AZT Mile 549, the Coconino Plateau

Out of Flag via the southbound urban AZT which runs just a mile east of the Grand Canyon Hostel.

The hostel itself is an old and rickety but clean building. The manager claims it was a brothel in former times, but that is probably true of most old residential buildings in central Flagstaff.

I believe it was Ed Abbey who said that the women in Flagstaff were so homely that even a cowboy could get laid there. That sounds like the Flagstaff of my youth, a beat-down trucker/cowboy/logging town.

But it now is a university town, and the men are far more likely to sport man-buns and handlebar mustaches than cowboy hats.

There were two breweries on the same block as my hostel, and six within a half mile radius. They varied in quality, but the Historic and Flagstaff breweries would hold their own with the best Colorado breweries.

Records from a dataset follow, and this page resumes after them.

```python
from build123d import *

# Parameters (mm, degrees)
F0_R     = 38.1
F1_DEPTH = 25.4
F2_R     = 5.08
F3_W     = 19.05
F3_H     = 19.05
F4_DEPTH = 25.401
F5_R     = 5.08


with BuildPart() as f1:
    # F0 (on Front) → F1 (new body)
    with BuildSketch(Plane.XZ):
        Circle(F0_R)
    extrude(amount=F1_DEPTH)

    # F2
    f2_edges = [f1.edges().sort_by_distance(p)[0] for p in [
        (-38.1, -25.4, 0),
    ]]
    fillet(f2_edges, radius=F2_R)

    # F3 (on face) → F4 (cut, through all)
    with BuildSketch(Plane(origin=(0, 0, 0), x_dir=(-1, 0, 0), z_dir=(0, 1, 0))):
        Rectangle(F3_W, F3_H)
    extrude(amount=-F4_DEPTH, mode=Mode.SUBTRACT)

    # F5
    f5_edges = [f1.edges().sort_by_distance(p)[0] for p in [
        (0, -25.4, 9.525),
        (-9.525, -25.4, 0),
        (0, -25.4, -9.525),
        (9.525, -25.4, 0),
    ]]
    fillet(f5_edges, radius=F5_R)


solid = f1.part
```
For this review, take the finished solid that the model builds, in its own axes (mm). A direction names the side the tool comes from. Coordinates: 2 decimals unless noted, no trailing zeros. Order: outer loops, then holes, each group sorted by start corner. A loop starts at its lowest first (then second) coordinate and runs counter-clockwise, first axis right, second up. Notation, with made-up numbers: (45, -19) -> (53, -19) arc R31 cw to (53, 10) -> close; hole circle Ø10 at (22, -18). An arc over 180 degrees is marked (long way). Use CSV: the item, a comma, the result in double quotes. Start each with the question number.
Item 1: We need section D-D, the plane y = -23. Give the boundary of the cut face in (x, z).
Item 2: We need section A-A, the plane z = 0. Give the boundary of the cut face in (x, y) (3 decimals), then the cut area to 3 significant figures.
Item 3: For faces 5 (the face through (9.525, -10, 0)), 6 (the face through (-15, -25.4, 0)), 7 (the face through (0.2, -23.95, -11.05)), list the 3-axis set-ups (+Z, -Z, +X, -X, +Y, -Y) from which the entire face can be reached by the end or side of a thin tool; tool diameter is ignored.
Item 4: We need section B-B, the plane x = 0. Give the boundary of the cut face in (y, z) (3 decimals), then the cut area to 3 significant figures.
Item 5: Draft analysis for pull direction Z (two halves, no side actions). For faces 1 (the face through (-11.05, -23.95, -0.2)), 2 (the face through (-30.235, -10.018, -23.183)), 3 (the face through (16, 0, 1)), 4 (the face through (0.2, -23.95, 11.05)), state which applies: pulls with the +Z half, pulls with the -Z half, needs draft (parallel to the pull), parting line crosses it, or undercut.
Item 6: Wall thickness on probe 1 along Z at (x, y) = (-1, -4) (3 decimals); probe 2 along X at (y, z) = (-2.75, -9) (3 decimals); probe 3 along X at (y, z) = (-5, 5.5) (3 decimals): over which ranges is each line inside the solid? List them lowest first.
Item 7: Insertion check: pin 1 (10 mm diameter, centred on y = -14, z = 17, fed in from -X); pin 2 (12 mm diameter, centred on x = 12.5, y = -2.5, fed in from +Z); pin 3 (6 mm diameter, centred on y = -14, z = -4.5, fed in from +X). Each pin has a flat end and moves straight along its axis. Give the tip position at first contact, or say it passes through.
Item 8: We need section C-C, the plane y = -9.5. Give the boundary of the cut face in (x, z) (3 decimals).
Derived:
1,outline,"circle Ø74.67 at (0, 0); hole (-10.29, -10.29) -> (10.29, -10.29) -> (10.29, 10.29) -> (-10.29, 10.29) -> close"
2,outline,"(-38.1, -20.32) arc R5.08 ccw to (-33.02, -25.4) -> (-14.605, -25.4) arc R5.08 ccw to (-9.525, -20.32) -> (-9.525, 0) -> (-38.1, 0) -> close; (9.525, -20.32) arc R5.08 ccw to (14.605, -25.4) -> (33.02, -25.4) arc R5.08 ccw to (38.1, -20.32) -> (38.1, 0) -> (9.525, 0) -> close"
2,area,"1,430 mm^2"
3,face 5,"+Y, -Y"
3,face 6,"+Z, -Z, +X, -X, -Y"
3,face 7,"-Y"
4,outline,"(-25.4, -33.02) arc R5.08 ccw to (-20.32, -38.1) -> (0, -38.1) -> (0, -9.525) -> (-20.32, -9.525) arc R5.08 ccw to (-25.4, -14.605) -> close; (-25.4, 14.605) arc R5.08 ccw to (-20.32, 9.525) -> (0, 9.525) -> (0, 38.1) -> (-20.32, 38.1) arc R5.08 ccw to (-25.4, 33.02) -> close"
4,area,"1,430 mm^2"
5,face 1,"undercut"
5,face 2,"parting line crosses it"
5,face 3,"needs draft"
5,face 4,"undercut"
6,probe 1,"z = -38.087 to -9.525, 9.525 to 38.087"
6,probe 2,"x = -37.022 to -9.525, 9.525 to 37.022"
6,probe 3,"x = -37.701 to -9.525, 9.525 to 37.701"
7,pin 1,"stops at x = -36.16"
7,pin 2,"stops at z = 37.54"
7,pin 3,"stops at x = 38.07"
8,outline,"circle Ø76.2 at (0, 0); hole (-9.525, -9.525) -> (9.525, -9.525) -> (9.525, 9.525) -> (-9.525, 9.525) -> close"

The town has transformed itself, but keeps much of its Route 66 ambiance. Three neon motel signs are mounted on towers over downtown, having apparently escaped being torn down as the eyesores they objectively are. Jerry Garcia once observed that the Grateful Dead were much like old whores and bad architecture- they had stuck around long enough to become respectable. The motel signs are apparently now respectable.

Stopped in for breakfast at the Grand Canyon Cafe, which I am pretty sure my family ate at in the 60s. It now features several taps of local craft brews, and the only other patron at the counter was clutching a stout. He was obviously a man after my own heart and we struck up a conversation – he is a baker at the cafe and had just finished his shift, and thus a beer at 6AM was totally appropriate (not that beer is ever inappropriate). He’d been making English muffins from scratch, which is apparently very time consuming due to long rises and multiple proofs. He was kind enough to toast one up for me and it was really good. And when I told him I commonly had pop-tarts for breakfast on the trail, he set me up with some fresh-baked chocolate chip cookies to take with me and eat instead. Sometimes it pays to be the first customer in a cafe in the morning.

I took a double zero in Flag, giving the inflammation in my left foot and right hip a chance to die down. They did, but only a bit. I think I’ll manage.

Felt a bit nervous heading out of town and into the wild again, and a phone call to Cathy left me feeling homesick and missing her.

The trail itself is more plateau walking, although now it is walking on a lava flow and much more rocky. The soil is a thin brittle crust that my hiking poles keep breaking though, causing them to stick.

The foliage is the usual mix of ponderosas, oaks and cedars, varying with the soil and the slight changes in elevation. But the forests are very open and I had good views of Walnut Canyon and the SF peaks all along the trail.

Looking back at the SF peaks. And there are clouds!

This is open, lonely country with few highlights and big distances. Yet its roughness and desolation have their own peculiar charms. I hope I can find the right state of mind to appreciate them.